Development of Reduced Chemical Kinetic Models for the Numerical Simulation of Combustion and Emissions Behavior of Representative Conventional and Bio-derived Fuels

The study addresses two of the main challenges facing combustion modeling for transportation fuels: simultaneous simulation of non-related combustion problems and reducing the computational cost of the modeling process itself. To address the first challenge, researchers determine a characteristic flame time from thermal diffusivity and laminar burning velocity. Researchers examine parametric dependence of flame time and ignition delay time on pressure, temperature and equivalence ratio for methane, based on validated chemical kinetic mechanisms. The study reveals flame time and ignition delay time show similar temperature dependence, flame time has stronger dependence on equivalence ratio and weaker dependence on pressure than ignition delay time. The study also establishes a correlation to predict flame time, and subsequently, burning velocity, based on knowledge of the relevant auto ignition time.
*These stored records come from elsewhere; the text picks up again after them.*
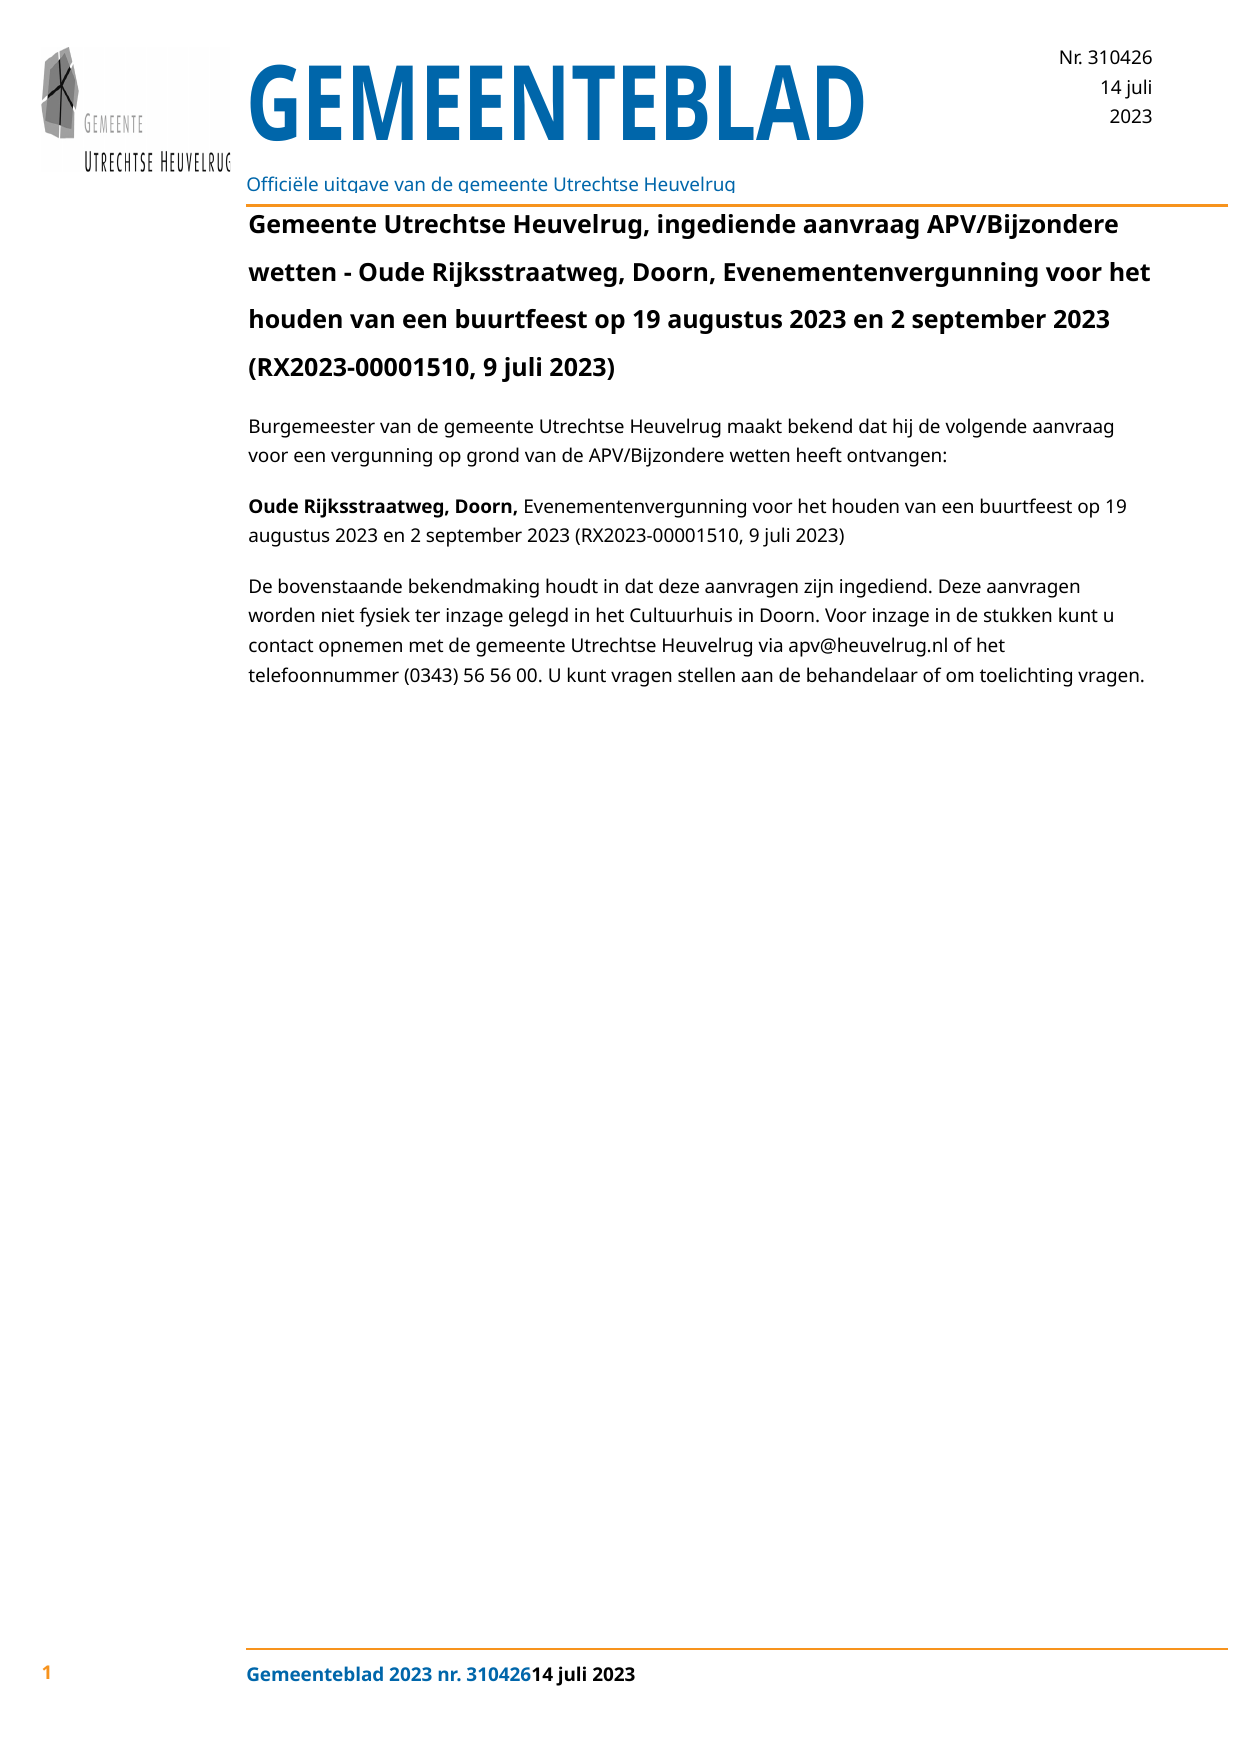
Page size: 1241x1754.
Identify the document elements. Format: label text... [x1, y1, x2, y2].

text Oude Rijksstraatweg, Doorn, Evenementenvergunning voor het houden van een buurtfeest op 19 augustus 2023 en 2 september 2023 (RX2023-00001510, 9 juli 2023) [248, 493, 1152, 548]
text De bovenstaande bekendmaking houdt in dat deze aanvragen zijn ingediend. Deze aanvragen worden niet fysiek ter inzage gelegd in het Cultuurhuis in Doorn. Voor inzage in de stukken kunt u contact opnemen met de gemeente Utrechtse Heuvelrug via apv@heuvelrug.nl of het telefoonnummer (0343) 56 56 00. U kunt vragen stellen aan de behandelaar of om toelichting vragen. [248, 573, 1152, 688]
text Gemeente Utrechtse Heuvelrug, ingediende aanvraag APV/Bijzondere wetten - Oude Rijksstraatweg, Doorn, Evenementenvergunning voor het houden van een buurtfeest op 19 augustus 2023 en 2 september 2023 (RX2023-00001510, 9 juli 2023) [248, 207, 1152, 384]
text Burgemeester van de gemeente Utrechtse Heuvelrug maakt bekend dat hij de volgende aanvraag voor een vergunning op grond van de APV/Bijzondere wetten heeft ontvangen: [248, 413, 1152, 468]
picture [41, 47, 231, 172]

Differences between methane, propane and ethanol are also explored.

Researchers address the second challenge in a chemical kinetic modeling study of the high-temperature ignition behavior of Tetrahydrofuran (THF), a promising second-generation transportation biofuel. The study implements a Stochastic Species Elimination (SSE) reduction approach to develop multiple skeletal versions of a detailed chemical kinetic model of THF from the literature based on ignition delay time simulations at various pressures and temperatures. The developed skeletal versions are combined into a global skeletal model. The study uses ignition delay time simulations using detailed and skeletal models, with good agreement observed at higher temperatures. Next, researchers use sensitivity analysis to identify the most important reactions responsible for the performance of the skeletal model. Finally, they perform reaction rate parameter modification for such reactions in order to improve the agreement of detailed and reduced model predictions with literature experimental ignition data.

This work contributes toward improved understanding and modeling of the oxidation kinetics of conventional and bio-derived transportation biofuels, as well as the estimation of laminar burning velocity that can be encountered in turbulent combustion simulations. This would ultimately contribute into the design of cleaner and more efficient transportation systems, and support the testing and adoption of novel fuels as additives and/or replacement to conventional non-renewable fossil fuels.